32. Mr. Sanyal also contended before us that in this case the power of attorney is given not by several persons in respect of their several distinct matters, but is merely a power given by one individual Mr. Benthall, although in different capacities. In other words, his contention is that a person may hold different capacities; but a power given by him although in all his capacities would nonetheless be a power by that person as one individual in respect of all his matters. In this case, he urged that although Mr. Benthall was giving the power in his capacities as managing director, director, managing agent, liquidator, executor, administrator or trustees and also in his individual capacity, nonetheless, it is a power given by one person, that is, Mr. Benthall in respect of all his matters.

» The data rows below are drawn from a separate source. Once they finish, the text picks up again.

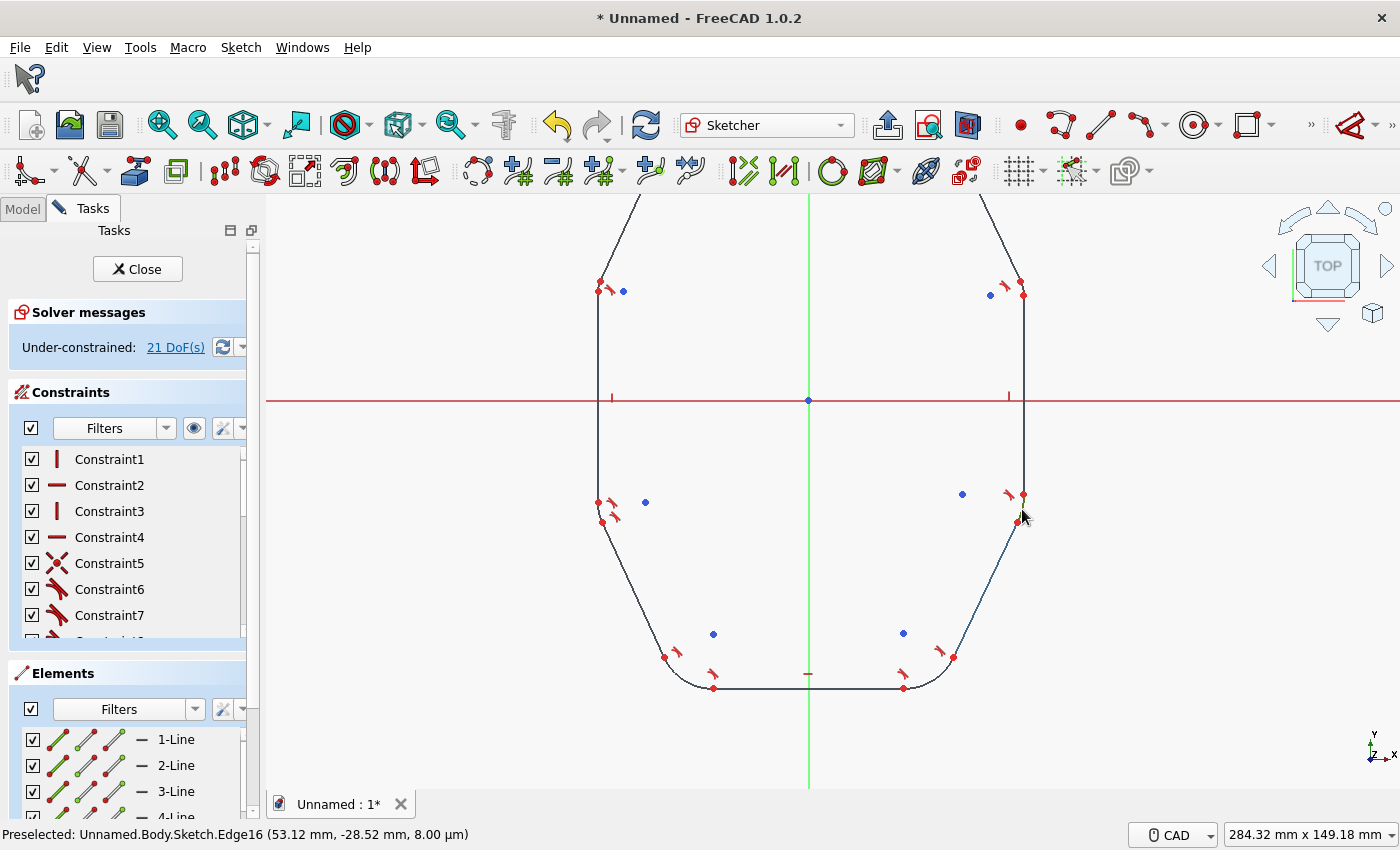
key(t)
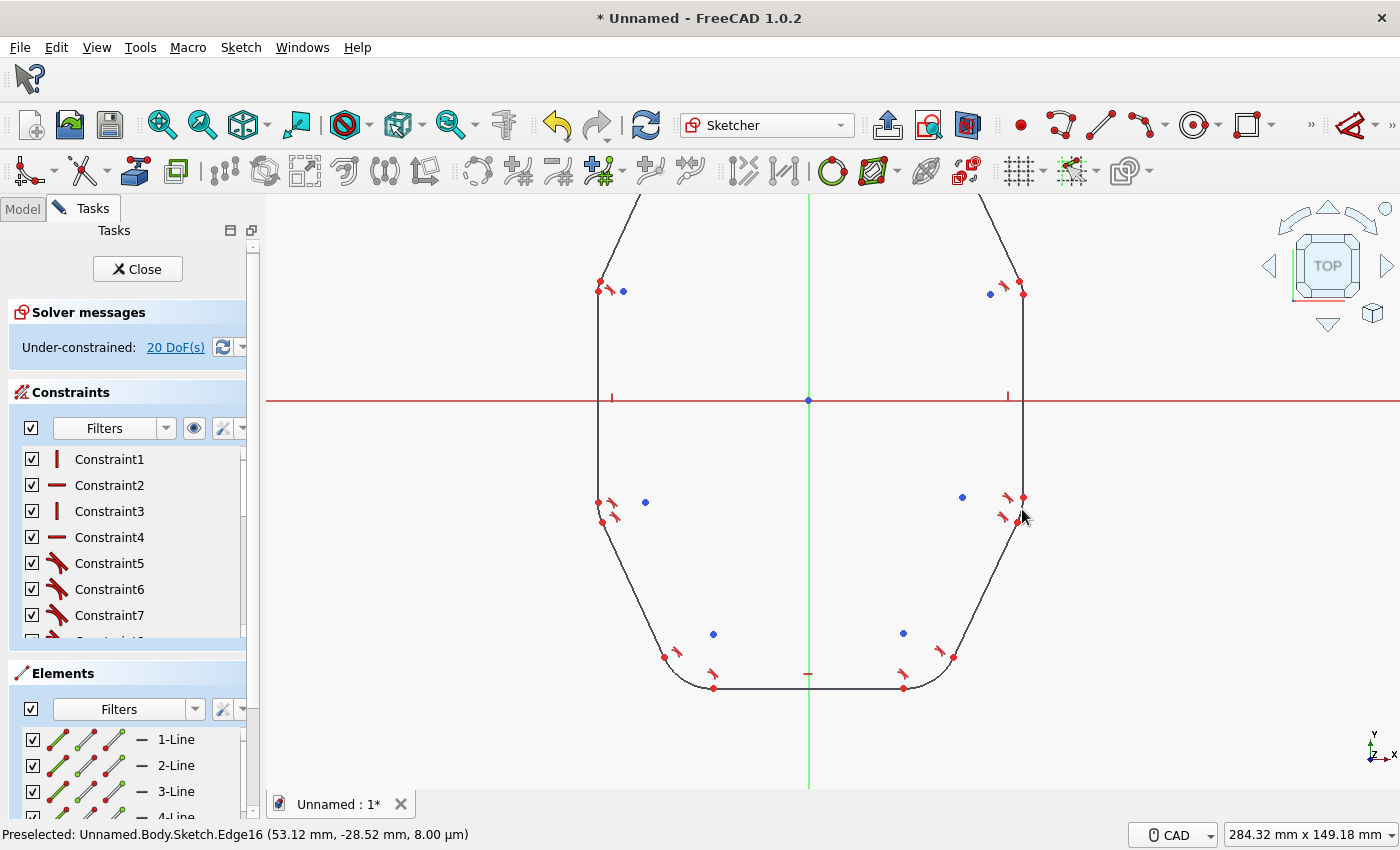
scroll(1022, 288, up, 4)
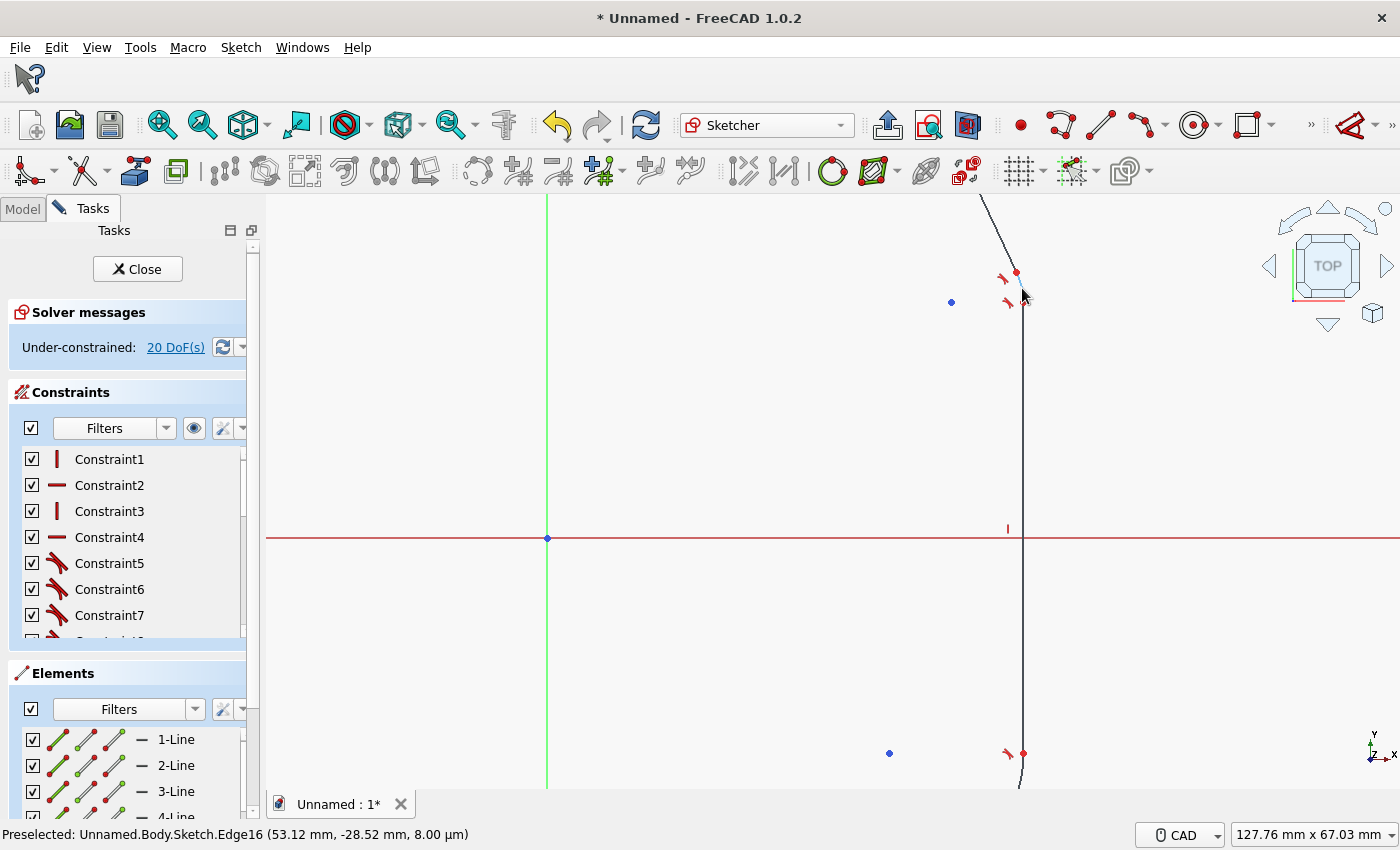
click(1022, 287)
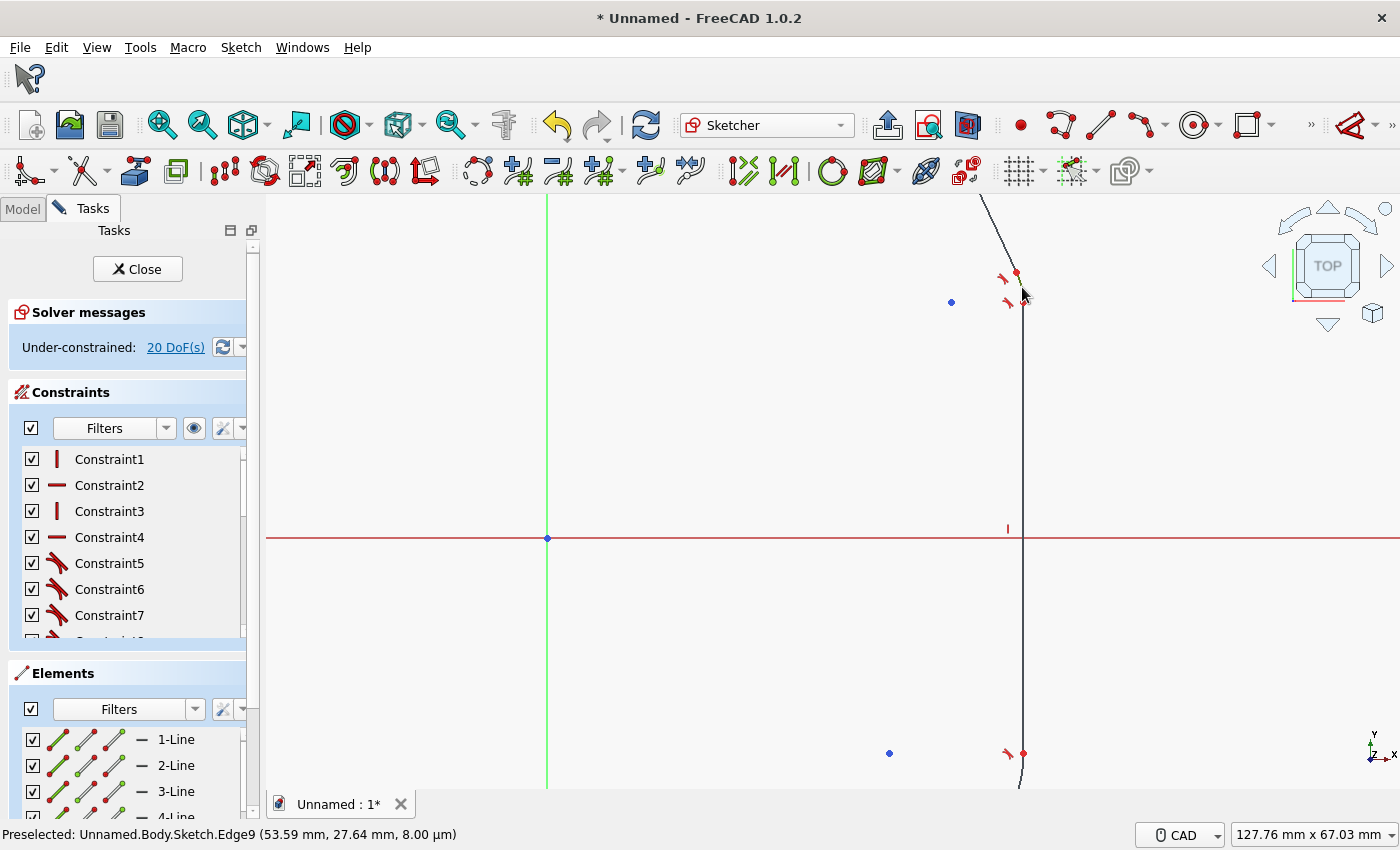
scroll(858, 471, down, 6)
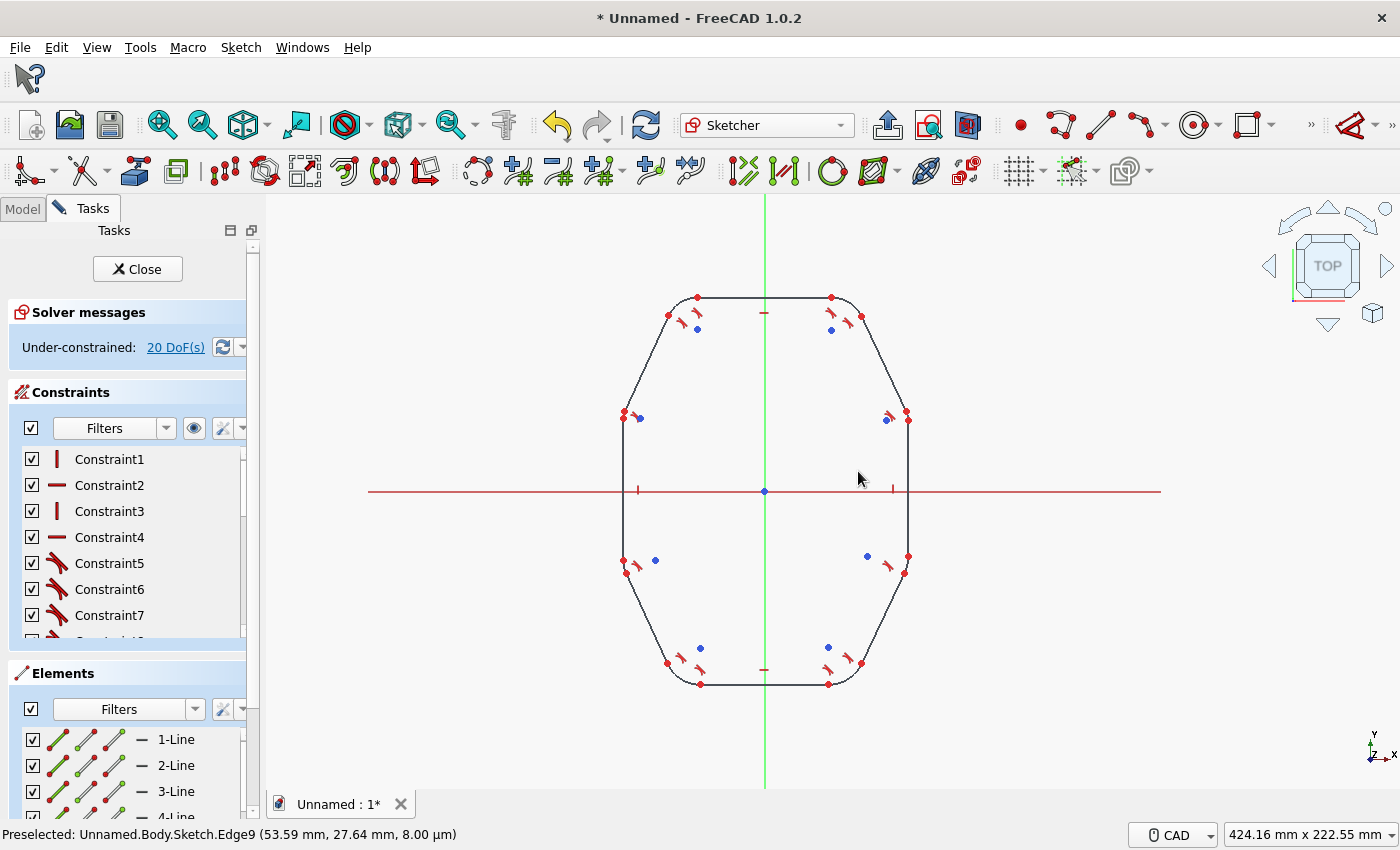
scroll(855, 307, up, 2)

33. I am unable to accept that contention. In the eye of law Mr. Benthall as an individual and Mr. Benthall as the executor, administrator or trustees or as the director or managing agent or liquidator are not the same persons. In the eye of law he is a different person as and when he comes to occupy the different positions mentioned in the document. It makes no difference that it is the same Mr. Arthur Benthall who has executed the power of attorney in favour of the persons named therein. A man in his individual capacity is certainly not the same person as a trustee. From juristic point of view he is a different person. If, for instance, a suit has to be filed against him in respect of the trust he is to be sued as trustee and in respect of the trust properties. In the promises, I am of opinion that the contentions of Mr. Sanyal on this point should also fail.
34. In my opinion, therefore, the instrument in question relates to several distinct matters and should be charged with the aggregate amount of duties with which separate instruments each comprising or relating to one of such matters would be chargeable under this Act.